An all-new battery-powered electric locomotive highlights a list of low-emissions projects to be implemented by BNSF in Central California.

The railroad, based in Fort Worth, and the San Joaquin Valley Air Pollution Control District were preliminarily awarded a $22.6 million Zero and Near Zero Emission Freight Facilities grant from the California Air Resource Board (CARB), to test emissions-reducing technologies in and around rail yards.

BNSF said it will collaborate with various industry partners to test the feasibility of these technologies.

“BNSF is focused on continuing to reduce our environmental impact, and we’re committed to doing our part to test and prove the commercial viability of emerging technologies that reduce emissions,” said John Lovenburg, vice president, Environmental.

The initiatives will build on BNSF’s existing investments in sustainable technologies including idle control, electric wide-span cranes, electric hostlers, automated gates at its intermodal facilities, and Tier 4 locomotives.

As part of the project, BNSF will partner with GE Transportation on a battery-electric locomotive that will be paired with diesel locomotives to power freight trains traveling from Stockton to Barstow.

The railroad said GE Transportation will develop an all battery-electric locomotive “to validate the technology’s tremendous operational benefits and growth potential in the freight rail industry.” The AC Evolution Series locomotive is to feature an overall energy-management system including onboard energy storage, which coupled with advanced system-optimization controls, will improve performance.
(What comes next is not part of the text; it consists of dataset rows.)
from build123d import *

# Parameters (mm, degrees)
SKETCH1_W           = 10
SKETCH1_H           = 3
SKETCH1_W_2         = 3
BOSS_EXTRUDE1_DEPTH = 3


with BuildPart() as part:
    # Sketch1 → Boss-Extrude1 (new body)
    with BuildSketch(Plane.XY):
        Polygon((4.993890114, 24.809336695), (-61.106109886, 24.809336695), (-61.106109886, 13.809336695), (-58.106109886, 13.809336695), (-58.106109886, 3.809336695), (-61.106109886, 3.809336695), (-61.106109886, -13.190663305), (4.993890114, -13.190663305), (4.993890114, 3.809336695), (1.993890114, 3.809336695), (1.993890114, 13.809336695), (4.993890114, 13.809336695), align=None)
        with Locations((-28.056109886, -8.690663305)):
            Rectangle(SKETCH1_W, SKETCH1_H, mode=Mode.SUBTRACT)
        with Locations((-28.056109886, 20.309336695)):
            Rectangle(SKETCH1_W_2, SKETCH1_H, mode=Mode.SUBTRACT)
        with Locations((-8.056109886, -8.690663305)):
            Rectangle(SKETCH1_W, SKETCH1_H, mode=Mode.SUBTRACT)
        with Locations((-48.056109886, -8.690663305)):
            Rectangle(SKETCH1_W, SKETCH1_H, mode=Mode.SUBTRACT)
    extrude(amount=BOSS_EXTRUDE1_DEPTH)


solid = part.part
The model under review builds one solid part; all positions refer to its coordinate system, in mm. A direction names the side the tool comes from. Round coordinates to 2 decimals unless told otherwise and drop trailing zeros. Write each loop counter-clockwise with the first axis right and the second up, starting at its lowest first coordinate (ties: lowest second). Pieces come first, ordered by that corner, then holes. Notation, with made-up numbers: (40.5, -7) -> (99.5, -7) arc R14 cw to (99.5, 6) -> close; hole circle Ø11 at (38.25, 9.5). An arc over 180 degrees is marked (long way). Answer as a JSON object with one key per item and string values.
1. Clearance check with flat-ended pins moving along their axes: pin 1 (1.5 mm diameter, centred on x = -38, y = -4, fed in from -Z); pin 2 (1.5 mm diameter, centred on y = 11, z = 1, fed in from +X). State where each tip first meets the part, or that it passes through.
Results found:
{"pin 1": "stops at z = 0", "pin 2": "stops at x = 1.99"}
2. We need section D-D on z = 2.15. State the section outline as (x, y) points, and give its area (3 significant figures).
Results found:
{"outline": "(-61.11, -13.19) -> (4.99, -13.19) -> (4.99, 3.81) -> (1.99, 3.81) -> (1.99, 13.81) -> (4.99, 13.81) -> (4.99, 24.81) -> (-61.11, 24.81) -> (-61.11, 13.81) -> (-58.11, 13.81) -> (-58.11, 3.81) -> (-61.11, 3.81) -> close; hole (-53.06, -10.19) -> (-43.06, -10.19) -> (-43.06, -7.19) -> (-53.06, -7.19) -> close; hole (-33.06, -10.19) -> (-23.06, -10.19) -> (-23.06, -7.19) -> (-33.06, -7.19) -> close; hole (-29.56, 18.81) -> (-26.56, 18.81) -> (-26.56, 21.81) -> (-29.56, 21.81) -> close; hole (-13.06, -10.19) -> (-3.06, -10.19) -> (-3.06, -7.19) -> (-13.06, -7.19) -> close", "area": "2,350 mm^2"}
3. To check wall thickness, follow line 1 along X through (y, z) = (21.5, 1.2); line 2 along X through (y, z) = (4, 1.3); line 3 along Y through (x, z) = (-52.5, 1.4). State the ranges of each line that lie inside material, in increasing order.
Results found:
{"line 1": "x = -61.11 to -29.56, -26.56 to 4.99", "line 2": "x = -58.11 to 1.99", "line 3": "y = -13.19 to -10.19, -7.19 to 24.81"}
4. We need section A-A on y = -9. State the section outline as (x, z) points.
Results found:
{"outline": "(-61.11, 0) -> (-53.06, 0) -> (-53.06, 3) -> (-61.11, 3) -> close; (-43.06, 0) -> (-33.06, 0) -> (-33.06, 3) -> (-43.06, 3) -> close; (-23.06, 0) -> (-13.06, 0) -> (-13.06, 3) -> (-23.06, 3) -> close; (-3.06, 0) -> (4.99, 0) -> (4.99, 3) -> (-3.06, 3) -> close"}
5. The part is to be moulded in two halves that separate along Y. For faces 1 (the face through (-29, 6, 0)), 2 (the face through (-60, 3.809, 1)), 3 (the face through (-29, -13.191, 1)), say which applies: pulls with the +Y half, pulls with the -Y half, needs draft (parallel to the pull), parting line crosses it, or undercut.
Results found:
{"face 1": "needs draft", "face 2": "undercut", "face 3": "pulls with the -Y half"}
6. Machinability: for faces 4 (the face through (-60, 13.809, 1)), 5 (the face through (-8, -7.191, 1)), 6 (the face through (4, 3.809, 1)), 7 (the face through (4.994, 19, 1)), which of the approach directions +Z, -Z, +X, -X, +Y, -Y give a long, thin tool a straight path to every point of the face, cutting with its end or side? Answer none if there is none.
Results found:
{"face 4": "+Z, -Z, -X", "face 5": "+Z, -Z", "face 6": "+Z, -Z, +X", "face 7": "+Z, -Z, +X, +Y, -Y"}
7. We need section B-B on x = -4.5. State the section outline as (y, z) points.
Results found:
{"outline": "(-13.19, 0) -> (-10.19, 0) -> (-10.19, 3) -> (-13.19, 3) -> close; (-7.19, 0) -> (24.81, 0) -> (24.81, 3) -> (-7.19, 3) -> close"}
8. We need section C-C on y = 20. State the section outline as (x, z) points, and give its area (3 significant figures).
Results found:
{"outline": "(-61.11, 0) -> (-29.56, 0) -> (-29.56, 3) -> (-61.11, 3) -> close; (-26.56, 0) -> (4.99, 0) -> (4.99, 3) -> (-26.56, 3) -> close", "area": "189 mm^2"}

This battery-electric locomotive will generate 2,400 kilowatt-hours of power and could potentially reduce a freight train’s fuel consumption by at least 10-15%.

“Battery-powered or hybrid locomotives are promising technologies for the rail industry with the potential to reduce operating costs and emissions,” said Dominique Malenfant, vice president, Global Technology, GE Transportation. “This project will give us tremendous insight into the capabilities of battery power and the best operational methods of leveraging the technology. It will accelerate the development of this cleaner, more efficient solution for the freight rail industry.”

Also, two hybrid rubber-tire gantry cranes from manufacturer Mi-Jack will be tested at the Stockton Intermodal Facility and another at the San Bernardino Intermodal Facility. The hybrid cranes reduce emissions as much as 70% compared to standard diesel cranes. A Taylor all-electric side loader will also be piloted at San Bernardino.

Drayage trucker SH&H will partner with BNSF to demonstrate a BYD-made electric drayage truck in San Bernardino.

The equipment will be manufactured in 2019 and deployed in 2020. The grant will cover approximately half the cost of what is estimated to be a $45 million project, the rest to be funded by BNSF and other, unspecified corporate partners.